Excess calorie intake can lead to obesity as well as insulin resistance which precipitates hyperglycemia, a common pathway in the pathogenesis of Type 2 diabetes which is the most prevalent type of the disease globally. The continual advancement in technology exerts a positive trend on civilization, computerization, improved transport systems, increased access to instant, convenience and ready made meals which culminate into sedentary lifestyle that promotes inactivity, obesity and poor food choices and habits. The rapid increase in the global prevalence of diabetes from the early part of the 21st century when the world witnessed the most rapid advancement in computerization is a notable evidence of concern in categorizing diabetes mellitus as a public health threat.

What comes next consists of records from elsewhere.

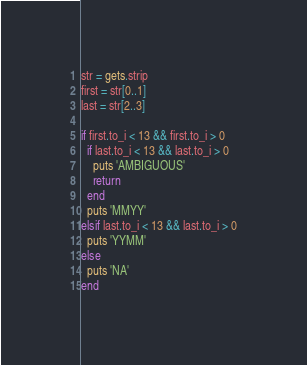Convert code to text. <code><loc_0><loc_0><loc_500><loc_500><_Ruby_>str = gets.strip
first = str[0..1]
last = str[2..3]

if first.to_i < 13 && first.to_i > 0
  if last.to_i < 13 && last.to_i > 0
    puts 'AMBIGUOUS'
    return
  end
  puts 'MMYY'
elsif last.to_i < 13 && last.to_i > 0
  puts 'YYMM'
else
  puts 'NA'
end</code> 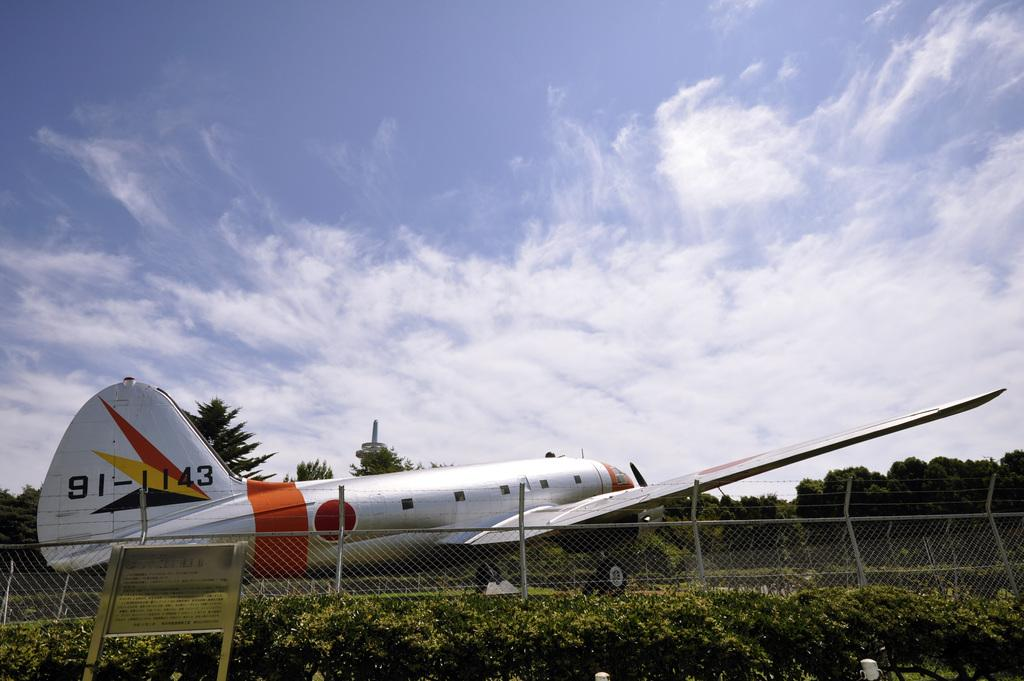What is the main subject of the image? There is an aeroplane in the image. What else can be seen in the image besides the aeroplane? There is a fence, plants, a board, trees, and the sky with clouds visible in the background of the image. Can you describe the fence in the image? The fence is a structure that separates or encloses areas in the image. What type of plants are present in the image? The plants in the image are not specified, but they are visible. How many mice can be seen running on the aeroplane in the image? There are no mice present in the image, so it is not possible to determine how many would be running on the aeroplane. 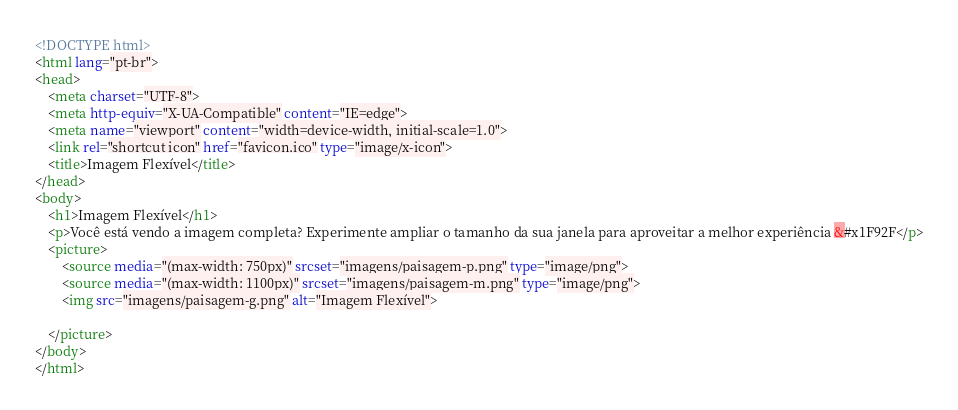<code> <loc_0><loc_0><loc_500><loc_500><_HTML_><!DOCTYPE html>
<html lang="pt-br">
<head>
    <meta charset="UTF-8">
    <meta http-equiv="X-UA-Compatible" content="IE=edge">
    <meta name="viewport" content="width=device-width, initial-scale=1.0">
    <link rel="shortcut icon" href="favicon.ico" type="image/x-icon">
    <title>Imagem Flexível</title>
</head>
<body>
    <h1>Imagem Flexível</h1>
    <p>Você está vendo a imagem completa? Experimente ampliar o tamanho da sua janela para aproveitar a melhor experiência &#x1F92F</p>
    <picture>
        <source media="(max-width: 750px)" srcset="imagens/paisagem-p.png" type="image/png">
        <source media="(max-width: 1100px)" srcset="imagens/paisagem-m.png" type="image/png">
        <img src="imagens/paisagem-g.png" alt="Imagem Flexível">
        
    </picture>
</body>
</html></code>

Globally the prevalence was estimated to increase in year 2000 to 2010 from 14.2 million to 17.5 million in North America, 15.6 million to 22.5 million in South America, 26.5 million to 32.9 million in Europe, 9.4 million to 14.1 million in Africa, 84.5 million to 132.2 million in Asia and 1.0 million to 1.3 million in Australia giving a total global increase in prevalence from 151 million people in 2000 to 221 million people in 2010 (Amos et al., 1997). This was projected to 324 million by 2025 (Zimmet et al., 2003) and 366 million 2030 (Wild et al., 2004). In 2013, 382 million people had diabetes mellitus worldwide and this is expected to rise to 592 million by 2035 ( Guariguata et al., 2014). Hence an effective, easy, cheap and available regimen is required to combat this social ill.

Spices which have been known to improve the sensory properties of foods have also been appreciated for their medicinal values. Ginger (Zingiber officinale) has been identified as a hypoglycemic food adjunct in both laboratory animals and human experimental protocols. Specifically, ginger powder in different doses have been used in the management of Type 2 diabetes in human subjects (Arablou et al., 2014; Mozaffari-Khosravi et al., 2014; Mahluji et al., 2013) while its aqueous and ethanol extracts have been reported to be effective in animal models of high fat diet-induced type 2 diabetes ( Shadli et al.,2014; Li et al.,2014) but the hypoglycemic effect of the cooked form of ginger juice has not been ascertained. This is an abject deficit in knowledge since ginger is mostly consumed in cooked form in various dishes such as soups, stews, sauces, sweet and savory puddings, grills, roasts etc. Also the undesirable side effects of metformin, an anti diabetic drug commonly used in the management of type 2 diabetes, such as: gastrointestinal disorders (nausea, vomiting, flatulence, anorexia, diarrhea, dyspepsia); anemia; lactic acidosis; reduced vitamin B12 absorption; as well as the uncertainty of its use during pregnancy and lactation; demands the exploration of the concept of the use of ginger as an anti diabetic food adjunct.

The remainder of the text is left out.